Staring down at the broken dragon, Vic only found disgust for the man’s overplayed prostrations. He heard the knight-captain pleading with him, too, but the words didn’t truly reach his ears.

“Yeah, I do,” he said. A brief look of relief flashed over Von Wickten’s face, soon to be replaced by rage and horror. “Sorry that he got caught and beaten. Not for anything he’s done.”

“Consider yourself fortunate; you may find redemption yet,” Zelsys said grimly, retrieving an oblong white pill. “This pill…”

She squatted down, holding it out in front of his face.

“...Will cause you to expel the impurities which stain your soul. Execution, or repentance. Do you think there will be anything left of you after the filth is gone? Do you feel that lucky?”

Not a spark of consideration went through his eyes; the knight captain saw what he thought to be a chance to avoid execution, and desperately nodded agreement at the chance to survive. Zelsys pushed the pill into his mouth, shoving it down into the back of his throat with her fingers.

As she rose up and wiped her hand off on her pants, she said to Von Wickten: “A piece of advice: Find a river.”

Von Wickten tried to question, but he found his voice silenced by a hacking cough. The five of them remained there for a short while, watching the pill take effect. He convulsed in place, tears of black, rancid-smelling pitch trailing down his face as he fought for every wheezing breath.

The horrid stench emitted by the congealed impurity being ejected from the knight-captain’s body superseded anything any of them had ever been exposed to, making the pungency of rotting bugmen seem tolerable by comparison… Well, except for Red.

While Zel had been exposed to spiritual impurity before - both her own and Zef’s during the blonde’s breakthrough that had been assisted by one of these very pills - that stench was nothing compared to this. It had been comparable to vomit or a tonsil-stone, whereas this was… Transcendent, in its own way. Noon Dust’s artificial lemon-scent alongside burned flesh, insect hemolymph, and half-dried semen somehow broke through the battering ram of pure putrescence, forming an exquisite perfume of mankind at its most degenerate.

Zefaris retrieved her camera from storage and took several photographs, while Zelsys made her way to the back of the chamber, attempting to open the door at the sanctum’s back to inspect what was behind it. From a distance, plugging his nose and covering his mouth with the hem of his shirt, Victor watched the knight-captain struggle. Zef noticed a macabre curiosity in his eyes, and his righteous satisfaction at the scene was obvious.

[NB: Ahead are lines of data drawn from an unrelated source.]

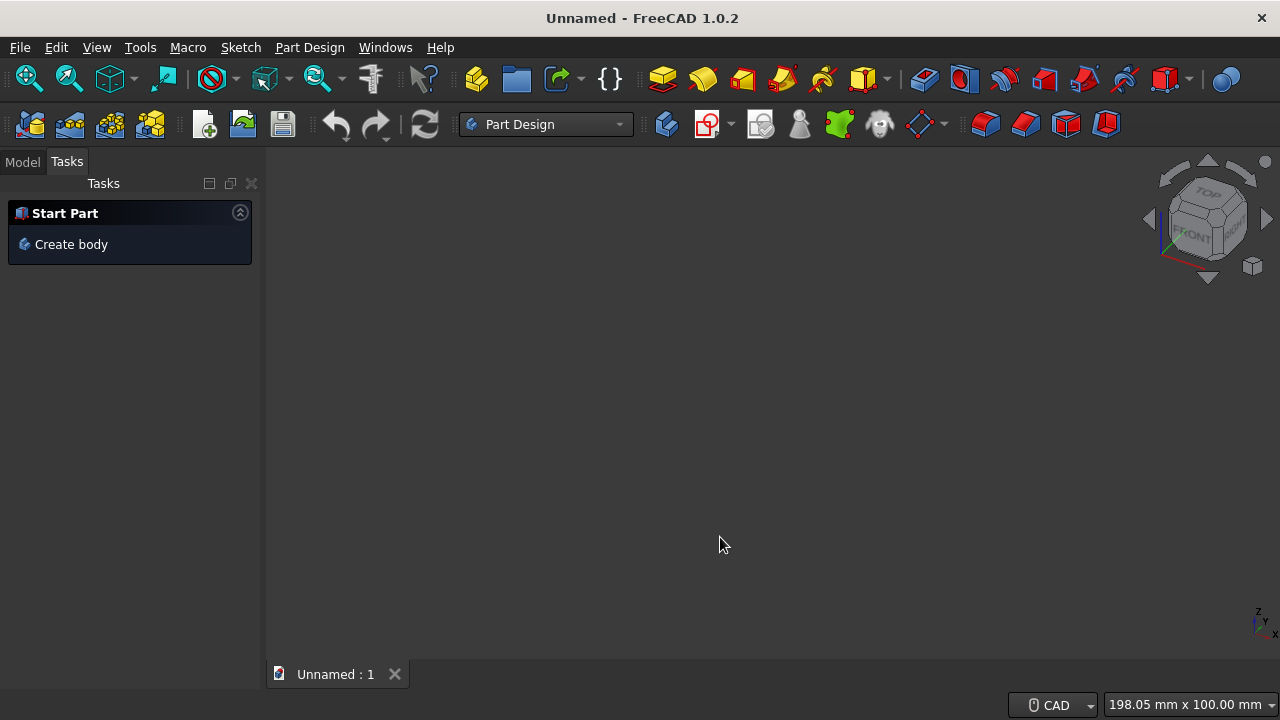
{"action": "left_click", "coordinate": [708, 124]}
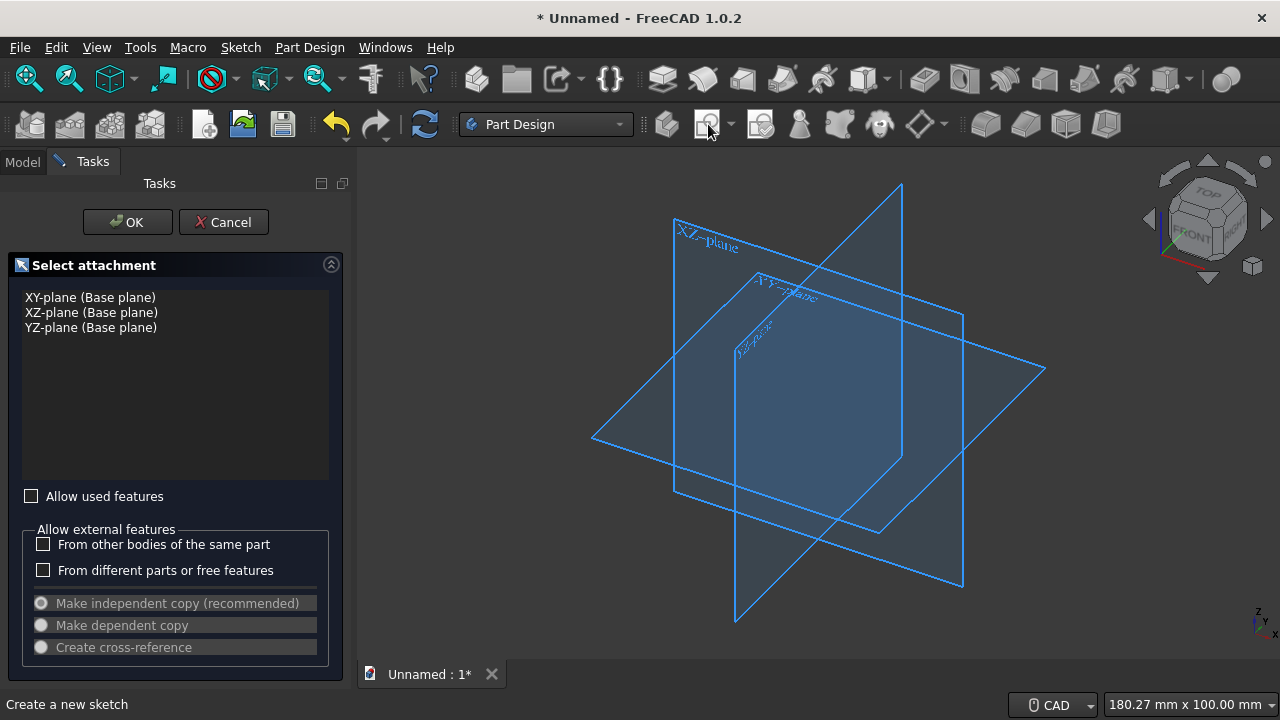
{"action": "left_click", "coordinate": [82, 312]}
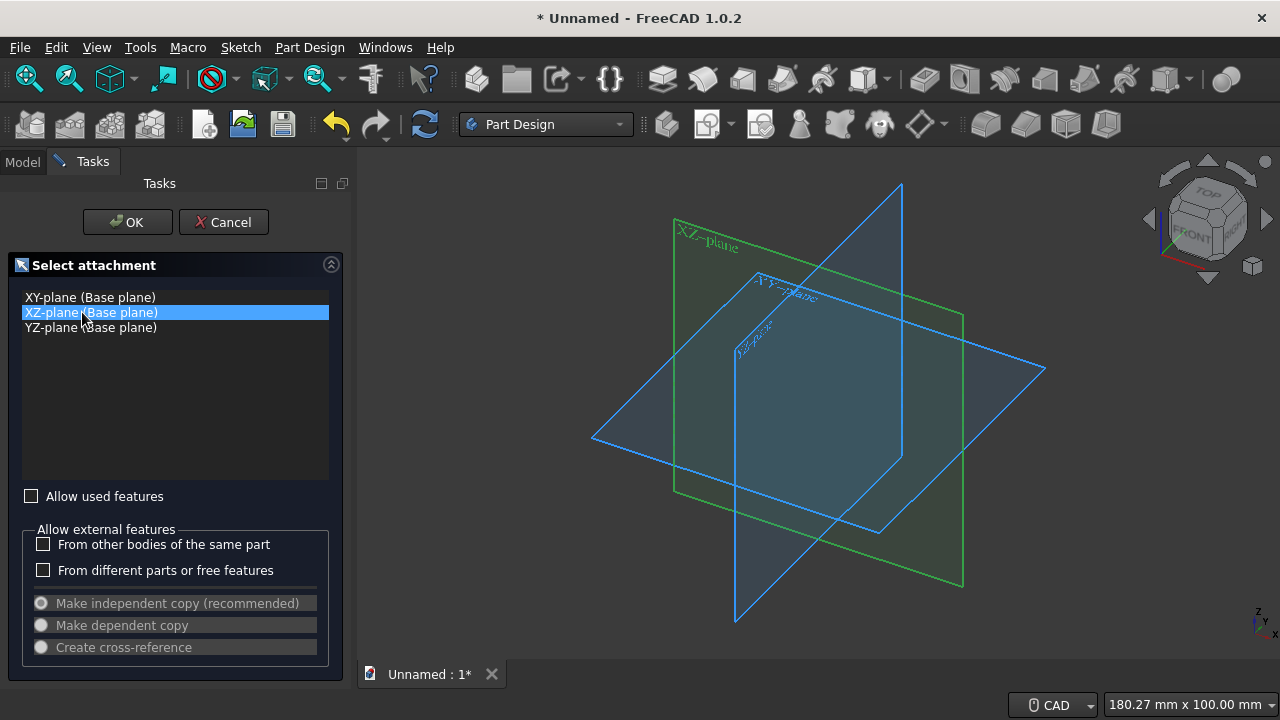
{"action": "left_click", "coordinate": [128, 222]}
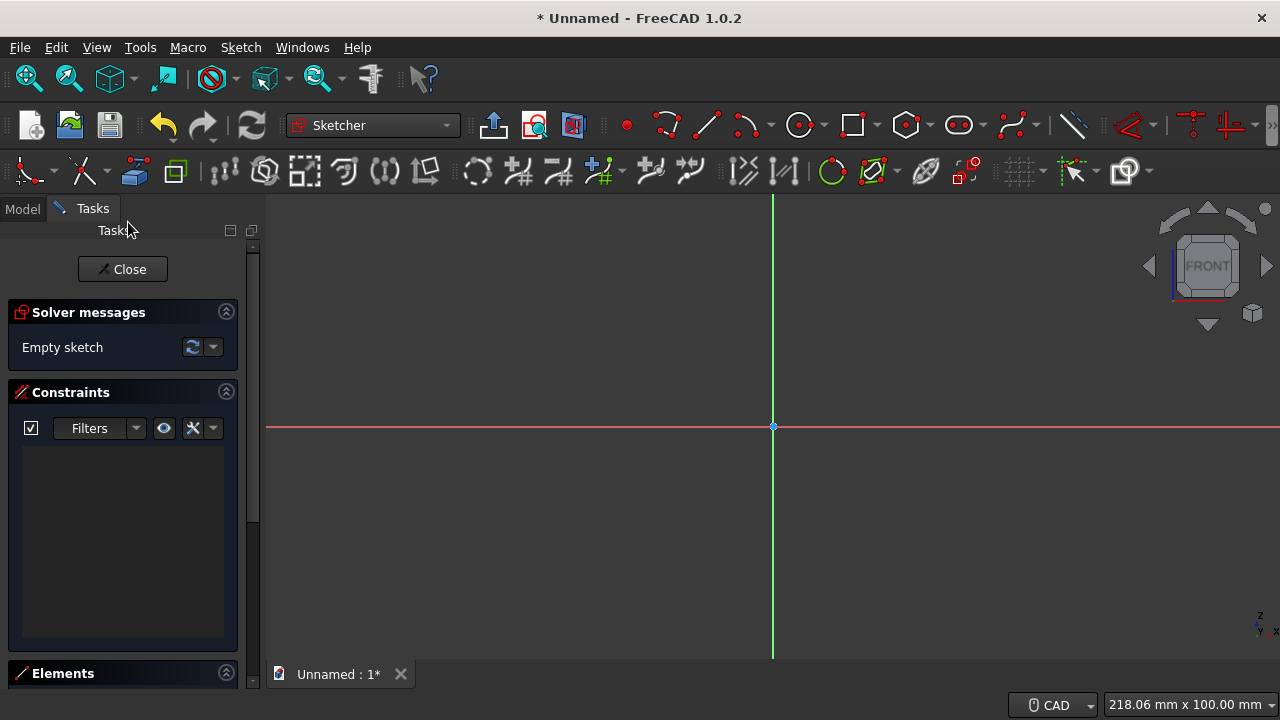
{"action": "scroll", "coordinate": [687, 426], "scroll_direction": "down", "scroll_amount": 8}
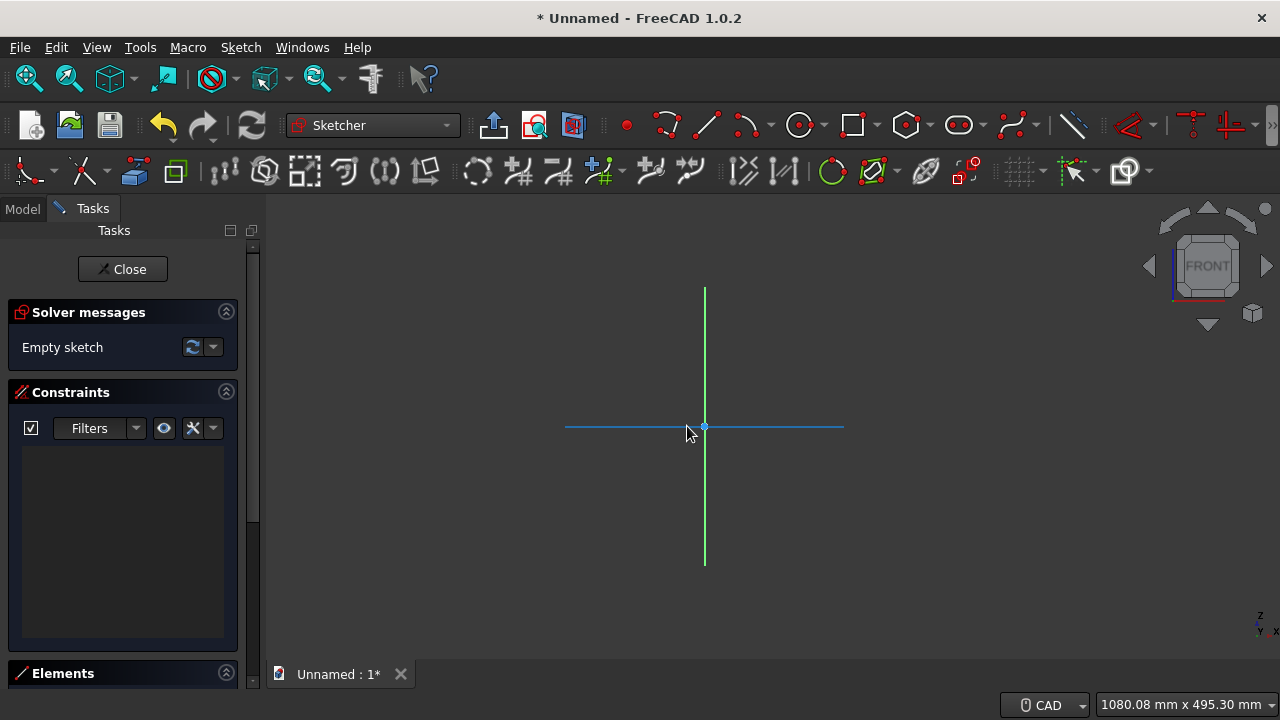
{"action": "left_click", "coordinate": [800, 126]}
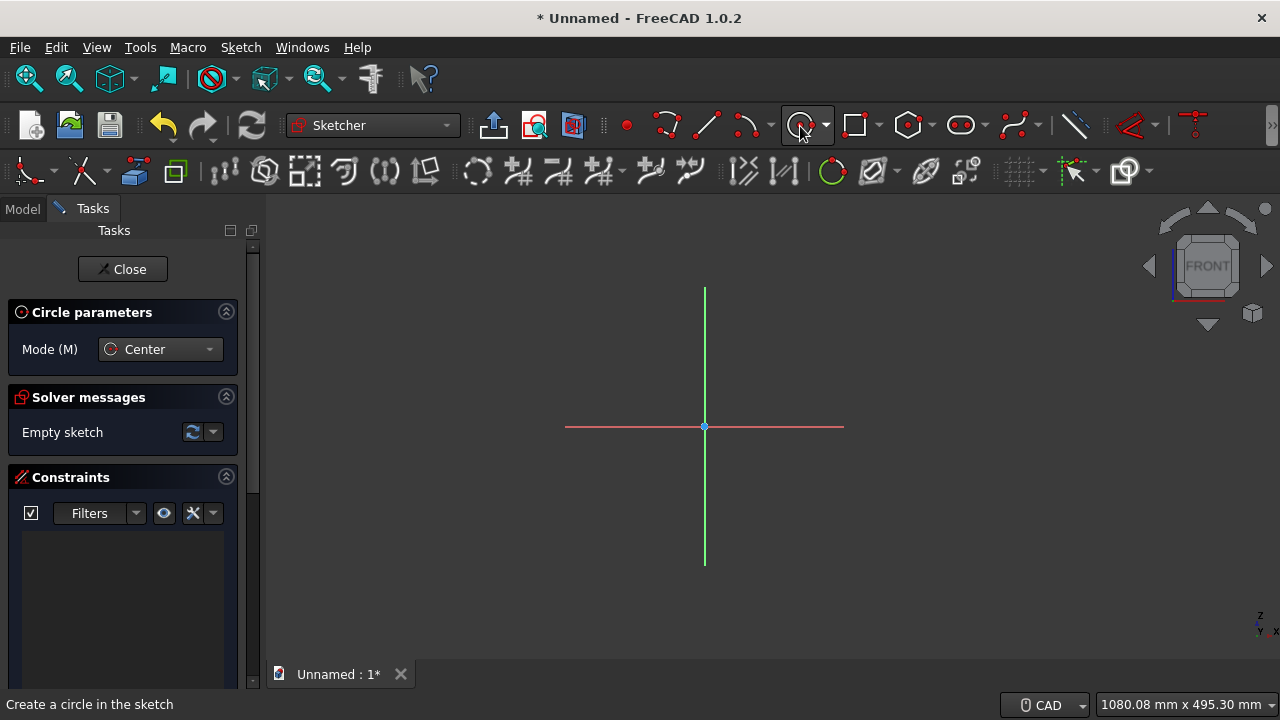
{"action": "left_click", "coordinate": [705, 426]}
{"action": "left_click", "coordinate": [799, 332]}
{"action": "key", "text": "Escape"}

“Jorfr, help me over here!” she called the norseman, and after some struggle, they managed to force the stone edifice open. While the two struggled, Red drifted across the room towards them. Behind the door was a small room, long stripped of any identifying markers beyond a bed and some shelves that had been carved out of solid stone, while any space that had once been filled by furniture was now taken up with a small hoard of currency, some trinkets which included several shafts of bloodwood, and… A large cabinet, encased in brass and silver. It had several levers and dials, as well as a keyboard with Pateirian symbols. A small key jutted out of a slot on the machine’s front end, an activation switch next to it. An oval, black mirror jutted out from the cabinet.

“A Black Mirror Array. This model was in the prototyping stages last I’d heard. It’s supposed to be immune to the aetherwave spying methods most commonly used on the old models... Why is it here?” Red remarked. Her voice was tense and nervous at the implications of this machine’s presence - if such a prototype was here, it meant the Red Locust Bandits had contacts in the high branches of Pateirian government.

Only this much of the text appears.